*** RECORDED INFORMATION Section Begins ***
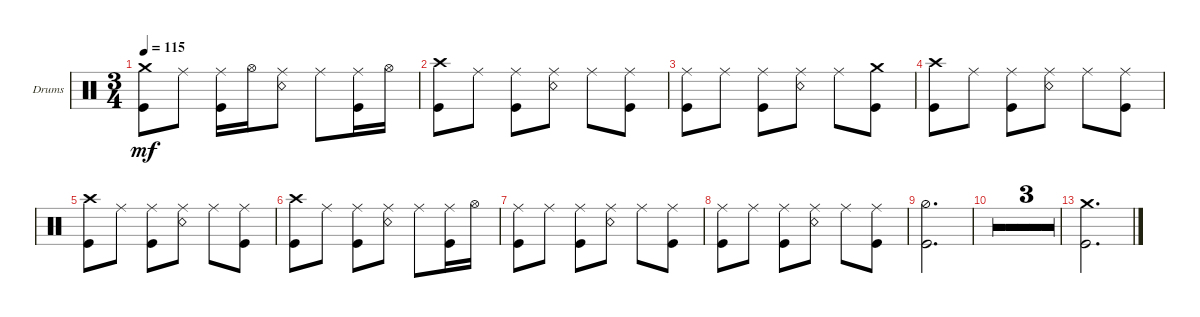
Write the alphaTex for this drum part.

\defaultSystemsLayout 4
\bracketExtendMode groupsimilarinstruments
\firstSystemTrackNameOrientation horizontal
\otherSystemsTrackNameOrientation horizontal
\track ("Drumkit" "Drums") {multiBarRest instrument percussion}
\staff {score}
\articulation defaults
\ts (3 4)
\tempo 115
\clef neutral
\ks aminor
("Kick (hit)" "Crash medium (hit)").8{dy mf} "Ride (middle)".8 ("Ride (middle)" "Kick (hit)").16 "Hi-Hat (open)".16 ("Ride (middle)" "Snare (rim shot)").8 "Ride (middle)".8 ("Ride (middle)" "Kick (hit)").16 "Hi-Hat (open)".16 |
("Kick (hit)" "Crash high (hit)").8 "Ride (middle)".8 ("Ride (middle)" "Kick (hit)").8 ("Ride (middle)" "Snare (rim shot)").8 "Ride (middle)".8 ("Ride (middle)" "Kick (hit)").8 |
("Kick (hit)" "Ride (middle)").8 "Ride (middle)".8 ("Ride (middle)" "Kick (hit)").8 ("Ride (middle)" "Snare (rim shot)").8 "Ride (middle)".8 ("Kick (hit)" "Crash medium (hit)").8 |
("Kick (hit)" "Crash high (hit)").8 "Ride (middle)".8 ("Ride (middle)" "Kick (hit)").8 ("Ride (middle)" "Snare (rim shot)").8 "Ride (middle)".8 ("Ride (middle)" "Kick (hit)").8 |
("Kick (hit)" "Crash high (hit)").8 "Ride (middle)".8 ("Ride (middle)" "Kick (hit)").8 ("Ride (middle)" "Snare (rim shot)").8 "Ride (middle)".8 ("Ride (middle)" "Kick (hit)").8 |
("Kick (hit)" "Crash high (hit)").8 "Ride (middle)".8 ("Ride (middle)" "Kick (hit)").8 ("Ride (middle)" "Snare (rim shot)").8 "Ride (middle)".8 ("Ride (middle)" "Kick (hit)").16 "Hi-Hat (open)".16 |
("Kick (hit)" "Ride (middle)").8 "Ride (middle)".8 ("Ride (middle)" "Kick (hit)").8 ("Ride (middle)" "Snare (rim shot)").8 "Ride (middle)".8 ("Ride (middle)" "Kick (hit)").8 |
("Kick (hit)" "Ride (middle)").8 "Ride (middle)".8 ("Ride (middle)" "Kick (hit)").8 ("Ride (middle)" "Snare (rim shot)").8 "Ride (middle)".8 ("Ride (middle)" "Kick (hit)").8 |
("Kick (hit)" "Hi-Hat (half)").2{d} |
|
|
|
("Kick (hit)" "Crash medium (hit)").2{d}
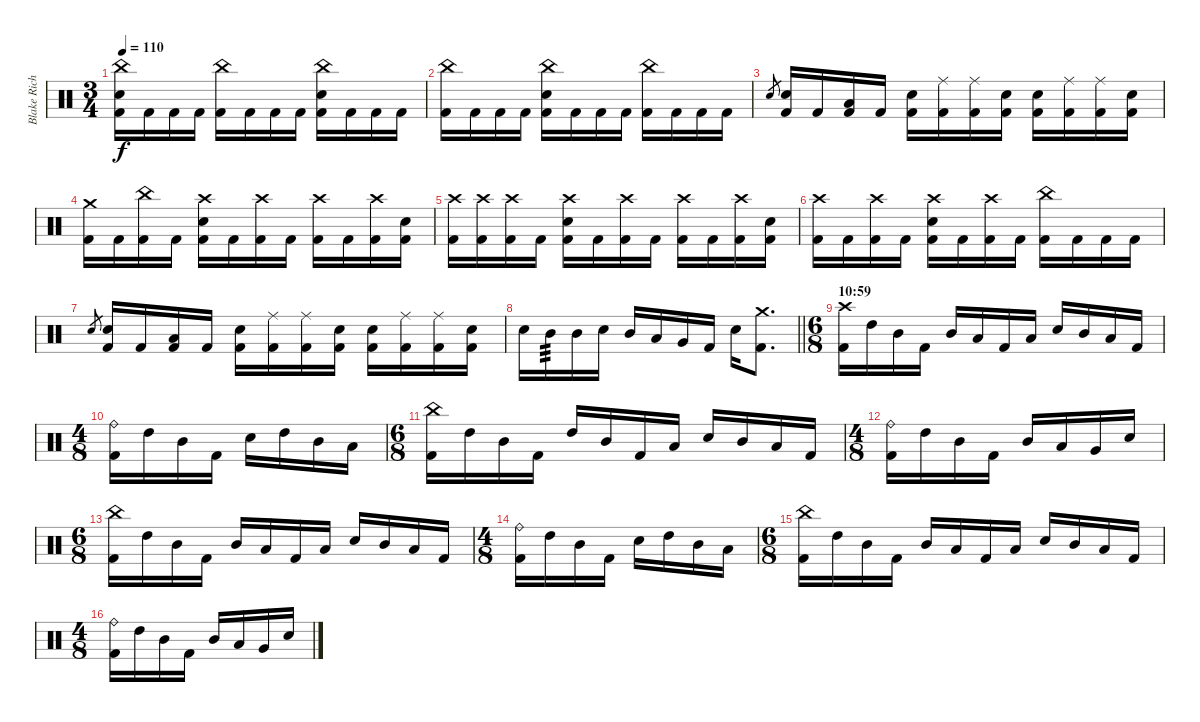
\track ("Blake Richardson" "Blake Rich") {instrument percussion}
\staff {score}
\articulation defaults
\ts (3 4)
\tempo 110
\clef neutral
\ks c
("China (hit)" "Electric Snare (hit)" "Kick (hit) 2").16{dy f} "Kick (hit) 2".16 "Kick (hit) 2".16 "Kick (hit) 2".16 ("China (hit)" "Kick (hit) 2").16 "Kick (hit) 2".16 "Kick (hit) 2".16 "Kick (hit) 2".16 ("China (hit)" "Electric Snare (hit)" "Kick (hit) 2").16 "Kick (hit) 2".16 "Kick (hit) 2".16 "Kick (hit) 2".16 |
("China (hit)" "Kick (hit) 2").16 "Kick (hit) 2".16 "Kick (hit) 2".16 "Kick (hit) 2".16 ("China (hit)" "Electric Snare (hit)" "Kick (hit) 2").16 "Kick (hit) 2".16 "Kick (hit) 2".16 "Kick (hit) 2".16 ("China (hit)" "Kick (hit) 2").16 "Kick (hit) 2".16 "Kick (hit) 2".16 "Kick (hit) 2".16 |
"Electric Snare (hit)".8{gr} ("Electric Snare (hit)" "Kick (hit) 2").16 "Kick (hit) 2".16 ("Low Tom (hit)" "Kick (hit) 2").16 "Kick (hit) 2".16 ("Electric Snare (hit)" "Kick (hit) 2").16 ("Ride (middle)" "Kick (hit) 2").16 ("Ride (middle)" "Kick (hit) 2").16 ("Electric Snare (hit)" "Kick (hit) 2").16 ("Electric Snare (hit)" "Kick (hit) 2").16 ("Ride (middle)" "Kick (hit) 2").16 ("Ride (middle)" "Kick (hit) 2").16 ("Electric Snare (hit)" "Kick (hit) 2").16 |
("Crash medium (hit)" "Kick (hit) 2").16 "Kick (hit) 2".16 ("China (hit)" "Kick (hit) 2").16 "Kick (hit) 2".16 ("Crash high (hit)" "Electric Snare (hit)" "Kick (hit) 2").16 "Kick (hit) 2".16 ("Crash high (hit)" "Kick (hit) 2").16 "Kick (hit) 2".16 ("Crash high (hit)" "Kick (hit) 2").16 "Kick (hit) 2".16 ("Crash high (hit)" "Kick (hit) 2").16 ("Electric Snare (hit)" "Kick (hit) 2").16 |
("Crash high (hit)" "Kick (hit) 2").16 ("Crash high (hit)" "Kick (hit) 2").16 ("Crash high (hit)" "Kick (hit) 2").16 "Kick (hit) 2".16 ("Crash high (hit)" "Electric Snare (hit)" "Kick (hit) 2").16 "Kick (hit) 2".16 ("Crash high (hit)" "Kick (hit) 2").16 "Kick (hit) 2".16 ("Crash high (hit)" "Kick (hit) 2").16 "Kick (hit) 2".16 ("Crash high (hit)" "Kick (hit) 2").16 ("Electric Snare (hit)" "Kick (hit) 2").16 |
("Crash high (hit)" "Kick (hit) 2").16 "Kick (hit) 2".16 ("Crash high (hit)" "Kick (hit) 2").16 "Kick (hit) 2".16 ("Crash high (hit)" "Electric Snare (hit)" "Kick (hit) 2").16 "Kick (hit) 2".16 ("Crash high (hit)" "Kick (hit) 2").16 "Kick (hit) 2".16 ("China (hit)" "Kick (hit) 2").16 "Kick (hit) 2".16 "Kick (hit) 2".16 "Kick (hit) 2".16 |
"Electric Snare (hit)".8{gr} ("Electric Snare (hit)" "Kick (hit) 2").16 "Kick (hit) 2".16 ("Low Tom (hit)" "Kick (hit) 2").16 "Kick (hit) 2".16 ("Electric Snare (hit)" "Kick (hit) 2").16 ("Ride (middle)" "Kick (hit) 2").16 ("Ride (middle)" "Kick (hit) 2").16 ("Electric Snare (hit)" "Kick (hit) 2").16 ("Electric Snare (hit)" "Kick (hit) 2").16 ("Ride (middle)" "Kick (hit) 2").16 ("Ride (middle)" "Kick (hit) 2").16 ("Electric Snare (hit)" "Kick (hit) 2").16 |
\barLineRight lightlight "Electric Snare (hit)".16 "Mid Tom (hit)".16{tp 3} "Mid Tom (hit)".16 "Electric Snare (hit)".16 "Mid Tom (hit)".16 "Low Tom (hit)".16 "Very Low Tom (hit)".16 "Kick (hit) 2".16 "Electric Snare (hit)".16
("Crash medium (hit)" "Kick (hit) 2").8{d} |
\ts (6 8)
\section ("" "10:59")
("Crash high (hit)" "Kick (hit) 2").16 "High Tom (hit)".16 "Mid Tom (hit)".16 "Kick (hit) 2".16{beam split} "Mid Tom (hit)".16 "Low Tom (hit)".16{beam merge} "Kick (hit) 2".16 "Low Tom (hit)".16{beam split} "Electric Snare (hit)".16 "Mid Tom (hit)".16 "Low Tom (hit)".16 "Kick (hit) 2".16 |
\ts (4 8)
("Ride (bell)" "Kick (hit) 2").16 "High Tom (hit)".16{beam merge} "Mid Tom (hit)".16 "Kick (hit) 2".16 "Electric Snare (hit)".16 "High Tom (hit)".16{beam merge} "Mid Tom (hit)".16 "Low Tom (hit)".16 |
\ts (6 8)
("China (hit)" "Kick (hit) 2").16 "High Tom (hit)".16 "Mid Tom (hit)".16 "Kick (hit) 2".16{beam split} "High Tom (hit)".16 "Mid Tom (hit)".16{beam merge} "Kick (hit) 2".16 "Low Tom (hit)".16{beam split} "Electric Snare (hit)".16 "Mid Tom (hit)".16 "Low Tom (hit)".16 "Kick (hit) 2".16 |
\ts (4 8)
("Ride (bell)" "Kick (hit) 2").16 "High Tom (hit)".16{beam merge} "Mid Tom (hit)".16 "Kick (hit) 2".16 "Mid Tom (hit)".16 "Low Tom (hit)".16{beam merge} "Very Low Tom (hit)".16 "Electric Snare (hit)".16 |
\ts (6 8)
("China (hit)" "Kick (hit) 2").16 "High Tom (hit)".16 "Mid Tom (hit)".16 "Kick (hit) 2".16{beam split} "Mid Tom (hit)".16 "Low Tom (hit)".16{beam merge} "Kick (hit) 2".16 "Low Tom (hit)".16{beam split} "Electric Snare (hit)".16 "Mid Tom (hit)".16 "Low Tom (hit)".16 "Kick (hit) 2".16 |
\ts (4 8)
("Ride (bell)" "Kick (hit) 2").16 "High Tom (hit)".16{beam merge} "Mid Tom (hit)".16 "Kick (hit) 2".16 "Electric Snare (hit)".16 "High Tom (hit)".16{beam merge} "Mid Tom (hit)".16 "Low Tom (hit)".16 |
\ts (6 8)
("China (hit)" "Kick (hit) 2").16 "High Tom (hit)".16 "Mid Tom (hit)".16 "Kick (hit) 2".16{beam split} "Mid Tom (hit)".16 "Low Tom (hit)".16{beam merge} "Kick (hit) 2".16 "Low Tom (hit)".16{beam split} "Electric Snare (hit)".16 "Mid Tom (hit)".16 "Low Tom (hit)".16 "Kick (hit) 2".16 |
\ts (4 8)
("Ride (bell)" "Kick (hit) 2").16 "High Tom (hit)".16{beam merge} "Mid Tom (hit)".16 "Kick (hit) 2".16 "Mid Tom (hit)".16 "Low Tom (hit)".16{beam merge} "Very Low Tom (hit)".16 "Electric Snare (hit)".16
*** RECORDED INFORMATION Section Ends ***
_REQUIRED WORK_
On how many lines above does the word "horizontal" appear? Only the number should be given.

_RESULT FOR THIS TASK_
2